TASK PROMPT:
Every record is to be printed exactly as written; pictures are to be omitted.

RAW DATA:
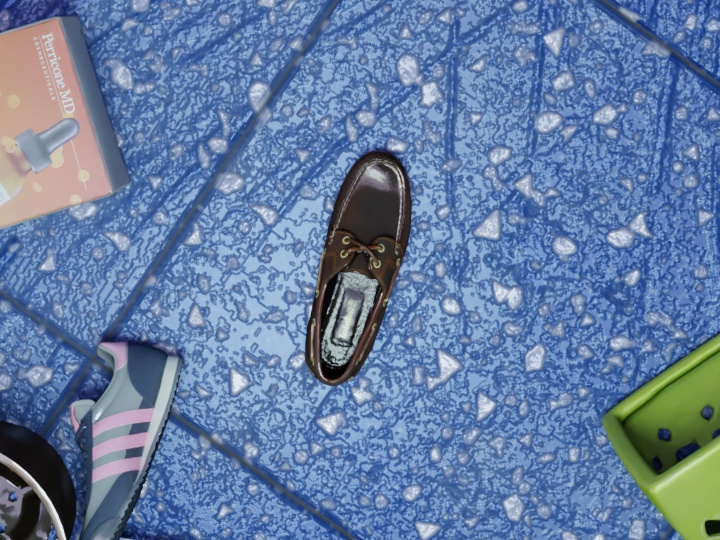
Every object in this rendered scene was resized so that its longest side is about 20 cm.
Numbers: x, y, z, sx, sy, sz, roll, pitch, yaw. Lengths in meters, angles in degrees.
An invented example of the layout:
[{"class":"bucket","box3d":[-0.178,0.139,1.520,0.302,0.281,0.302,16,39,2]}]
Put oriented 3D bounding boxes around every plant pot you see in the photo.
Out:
[{"class":"plant pot","box3d":[-0.322,0.214,1.570,0.198,0.198,0.202,0,98,1]},{"class":"plant pot","box3d":[0.339,0.163,1.564,0.199,0.199,0.182,-35,102,4]}]

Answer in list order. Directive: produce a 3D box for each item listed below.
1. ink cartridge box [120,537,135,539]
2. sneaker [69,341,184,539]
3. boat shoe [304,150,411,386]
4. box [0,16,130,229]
[{"class":"ink cartridge box","box3d":[-0.204,0.326,1.663,0.099,0.039,0.202,11,98,-1]},{"class":"sneaker","box3d":[-0.214,0.153,1.599,0.081,0.070,0.201,20,63,-3]},{"class":"boat shoe","box3d":[0.000,0.000,1.605,0.070,0.070,0.202,12,96,0]},{"class":"box","box3d":[-0.310,-0.111,1.575,0.198,0.106,0.153,-17,97,3]}]
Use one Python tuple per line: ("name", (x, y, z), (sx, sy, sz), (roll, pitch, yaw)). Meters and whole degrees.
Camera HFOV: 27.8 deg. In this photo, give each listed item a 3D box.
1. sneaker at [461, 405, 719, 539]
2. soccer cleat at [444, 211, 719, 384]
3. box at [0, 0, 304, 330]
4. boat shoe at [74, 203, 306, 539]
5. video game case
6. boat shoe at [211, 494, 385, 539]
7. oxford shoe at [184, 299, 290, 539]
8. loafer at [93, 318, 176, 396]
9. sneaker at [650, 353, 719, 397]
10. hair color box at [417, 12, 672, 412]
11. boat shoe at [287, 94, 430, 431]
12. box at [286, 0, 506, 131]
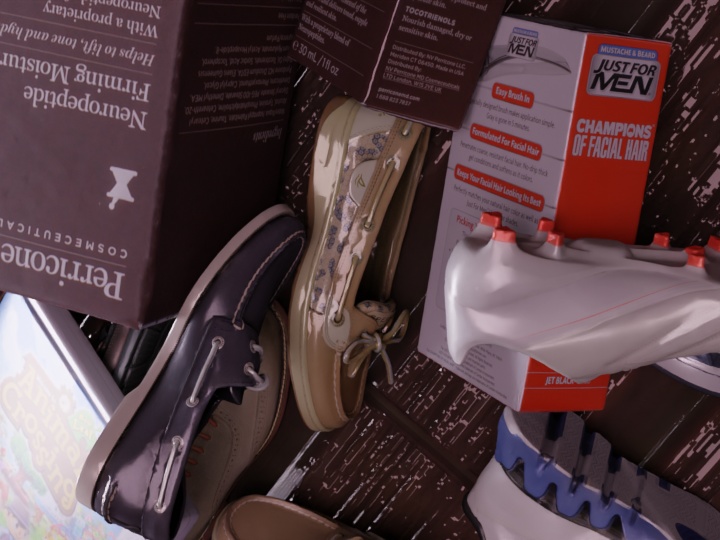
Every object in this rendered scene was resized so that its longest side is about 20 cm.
("sneaker", (0.138, 0.172, 0.852), (0.199, 0.081, 0.116), (38, 119, 3))
("soccer cleat", (0.138, 0.022, 0.729), (0.198, 0.069, 0.078), (8, 107, -4))
("box", (-0.143, -0.094, 0.834), (0.164, 0.164, 0.202), (13, 102, 18))
("boat shoe", (-0.078, 0.058, 0.808), (0.062, 0.073, 0.201), (30, 81, 16))
("video game case", (-0.195, 0.133, 0.906), (0.200, 0.022, 0.183), (52, 124, 26))
("boat shoe", (-0.002, 0.187, 0.876), (0.199, 0.072, 0.065), (29, 147, 18))
("oxford shoe", (-0.099, 0.108, 0.906), (0.070, 0.074, 0.202), (24, 105, 11))
("loafer", (-0.169, 0.096, 0.930), (0.062, 0.072, 0.202), (21, 106, 18))
("sneaker", (0.242, 0.004, 0.781), (0.200, 0.077, 0.148), (18, 112, 6))
("hair color box", (0.098, -0.035, 0.803), (0.063, 0.111, 0.202), (1, 105, -29))
("boat shoe", (0.000, 0.000, 0.860), (0.062, 0.073, 0.202), (8, 101, 18))
("box", (0.038, -0.190, 0.795), (0.100, 0.074, 0.202), (38, 112, 53))
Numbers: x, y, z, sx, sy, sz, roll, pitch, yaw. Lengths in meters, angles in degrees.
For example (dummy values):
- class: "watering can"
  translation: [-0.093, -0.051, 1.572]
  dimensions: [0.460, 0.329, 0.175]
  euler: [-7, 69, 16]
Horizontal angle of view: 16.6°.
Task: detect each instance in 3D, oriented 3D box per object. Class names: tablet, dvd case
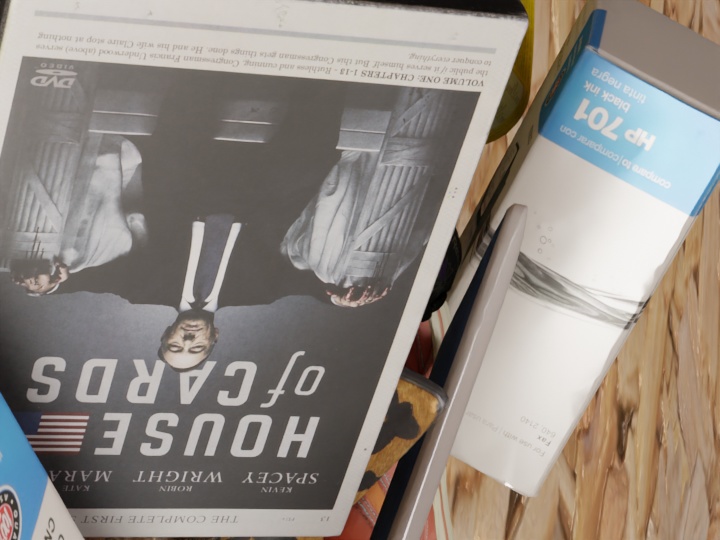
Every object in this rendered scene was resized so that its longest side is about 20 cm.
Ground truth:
- class: "tablet"
  translation: [0.021, 0.082, 0.966]
  dimensions: [0.130, 0.014, 0.201]
  euler: [112, 0, -61]
- class: "dvd case"
  translation: [-0.050, -0.001, 0.719]
  dimensions: [0.025, 0.150, 0.201]
  euler: [-115, -145, -48]

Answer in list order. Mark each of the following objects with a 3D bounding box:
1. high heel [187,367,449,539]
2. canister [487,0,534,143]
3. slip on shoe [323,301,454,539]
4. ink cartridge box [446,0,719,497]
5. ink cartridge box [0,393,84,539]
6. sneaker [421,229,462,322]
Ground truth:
- class: "high heel"
  translation: [-0.021, 0.121, 0.871]
  dimensions: [0.072, 0.142, 0.201]
  euler: [-80, 157, -60]
- class: "canister"
  translation: [0.018, -0.153, 1.144]
  dimensions: [0.200, 0.086, 0.149]
  euler: [42, 47, -64]
- class: "slip on shoe"
  translation: [0.003, 0.102, 1.080]
  dimensions: [0.061, 0.074, 0.201]
  euler: [0, 91, -36]
- class: "ink cartridge box"
  translation: [0.097, -0.017, 1.154]
  dimensions: [0.201, 0.086, 0.147]
  euler: [-61, -178, 19]
- class: "ink cartridge box"
  translation: [-0.119, 0.147, 0.683]
  dimensions: [0.146, 0.084, 0.200]
  euler: [-76, 152, -42]
- class: "sneaker"
  translation: [0.000, 0.000, 0.953]
  dimensions: [0.200, 0.087, 0.076]
  euler: [-99, -168, -52]

REPLY:
Every object in this rendered scene was resized so that its longest side is about 20 cm.
Numbers: x, y, z, sx, sy, sz, roll, pitch, yaw. Lengths in meters, angles in degrees.
An invented example of the layout:
[{"class":"bucket","box3d":[-0.178,0.139,1.520,0.302,0.281,0.302,16,39,2]}]
Put oriented 3D bounding boxes around every plant pot you see in the photo.
Out:
[{"class":"plant pot","box3d":[-0.322,0.214,1.570,0.198,0.198,0.202,0,98,1]},{"class":"plant pot","box3d":[0.339,0.163,1.564,0.199,0.199,0.182,-35,102,4]}]

Answer in list order. Directive: produce a 3D box for each item listed below.
1. ink cartridge box [120,537,135,539]
2. sneaker [69,341,184,539]
3. boat shoe [304,150,411,386]
4. box [0,16,130,229]
[{"class":"ink cartridge box","box3d":[-0.204,0.326,1.663,0.099,0.039,0.202,11,98,-1]},{"class":"sneaker","box3d":[-0.214,0.153,1.599,0.081,0.070,0.201,20,63,-3]},{"class":"boat shoe","box3d":[0.000,0.000,1.605,0.070,0.070,0.202,12,96,0]},{"class":"box","box3d":[-0.310,-0.111,1.575,0.198,0.106,0.153,-17,97,3]}]
Use one Python tuple per line: ("name", (x, y, z), (sx, sy, sz), (roll, pitch, yaw)). Meters and whole degrees.
Camera HFOV: 27.8 deg. In this photo, give each listed item a 3D box.
1. sneaker at [461, 405, 719, 539]
2. soccer cleat at [444, 211, 719, 384]
3. box at [0, 0, 304, 330]
4. boat shoe at [74, 203, 306, 539]
5. video game case
6. boat shoe at [211, 494, 385, 539]
7. oxford shoe at [184, 299, 290, 539]
8. loafer at [93, 318, 176, 396]
9. sneaker at [650, 353, 719, 397]
10. hair color box at [417, 12, 672, 412]
11. boat shoe at [287, 94, 430, 431]
12. box at [286, 0, 506, 131]
Every object in this rendered scene was resized so that its longest side is about 20 cm.
("sneaker", (0.138, 0.172, 0.852), (0.199, 0.081, 0.116), (38, 119, 3))
("soccer cleat", (0.138, 0.022, 0.729), (0.198, 0.069, 0.078), (8, 107, -4))
("box", (-0.143, -0.094, 0.834), (0.164, 0.164, 0.202), (13, 102, 18))
("boat shoe", (-0.078, 0.058, 0.808), (0.062, 0.073, 0.201), (30, 81, 16))
("video game case", (-0.195, 0.133, 0.906), (0.200, 0.022, 0.183), (52, 124, 26))
("boat shoe", (-0.002, 0.187, 0.876), (0.199, 0.072, 0.065), (29, 147, 18))
("oxford shoe", (-0.099, 0.108, 0.906), (0.070, 0.074, 0.202), (24, 105, 11))
("loafer", (-0.169, 0.096, 0.930), (0.062, 0.072, 0.202), (21, 106, 18))
("sneaker", (0.242, 0.004, 0.781), (0.200, 0.077, 0.148), (18, 112, 6))
("hair color box", (0.098, -0.035, 0.803), (0.063, 0.111, 0.202), (1, 105, -29))
("boat shoe", (0.000, 0.000, 0.860), (0.062, 0.073, 0.202), (8, 101, 18))
("box", (0.038, -0.190, 0.795), (0.100, 0.074, 0.202), (38, 112, 53))
Numbers: x, y, z, sx, sy, sz, roll, pitch, yaw. Lengths in meters, angles in degrees.
For example (dummy values):
- class: "watering can"
  translation: [-0.093, -0.051, 1.572]
  dimensions: [0.460, 0.329, 0.175]
  euler: [-7, 69, 16]
Horizontal angle of view: 16.6°.
Task: detect each instance in 3D, oriented 3D box per object. Class names: tablet, dvd case
Every object in this rendered scene was resized so that its longest side is about 20 cm.
Ground truth:
- class: "tablet"
  translation: [0.021, 0.082, 0.966]
  dimensions: [0.130, 0.014, 0.201]
  euler: [112, 0, -61]
- class: "dvd case"
  translation: [-0.050, -0.001, 0.719]
  dimensions: [0.025, 0.150, 0.201]
  euler: [-115, -145, -48]

Answer in list order. Mark each of the following objects with a 3D bounding box:
1. high heel [187,367,449,539]
2. canister [487,0,534,143]
3. slip on shoe [323,301,454,539]
4. ink cartridge box [446,0,719,497]
5. ink cartridge box [0,393,84,539]
6. sneaker [421,229,462,322]
Ground truth:
- class: "high heel"
  translation: [-0.021, 0.121, 0.871]
  dimensions: [0.072, 0.142, 0.201]
  euler: [-80, 157, -60]
- class: "canister"
  translation: [0.018, -0.153, 1.144]
  dimensions: [0.200, 0.086, 0.149]
  euler: [42, 47, -64]
- class: "slip on shoe"
  translation: [0.003, 0.102, 1.080]
  dimensions: [0.061, 0.074, 0.201]
  euler: [0, 91, -36]
- class: "ink cartridge box"
  translation: [0.097, -0.017, 1.154]
  dimensions: [0.201, 0.086, 0.147]
  euler: [-61, -178, 19]
- class: "ink cartridge box"
  translation: [-0.119, 0.147, 0.683]
  dimensions: [0.146, 0.084, 0.200]
  euler: [-76, 152, -42]
- class: "sneaker"
  translation: [0.000, 0.000, 0.953]
  dimensions: [0.200, 0.087, 0.076]
  euler: [-99, -168, -52]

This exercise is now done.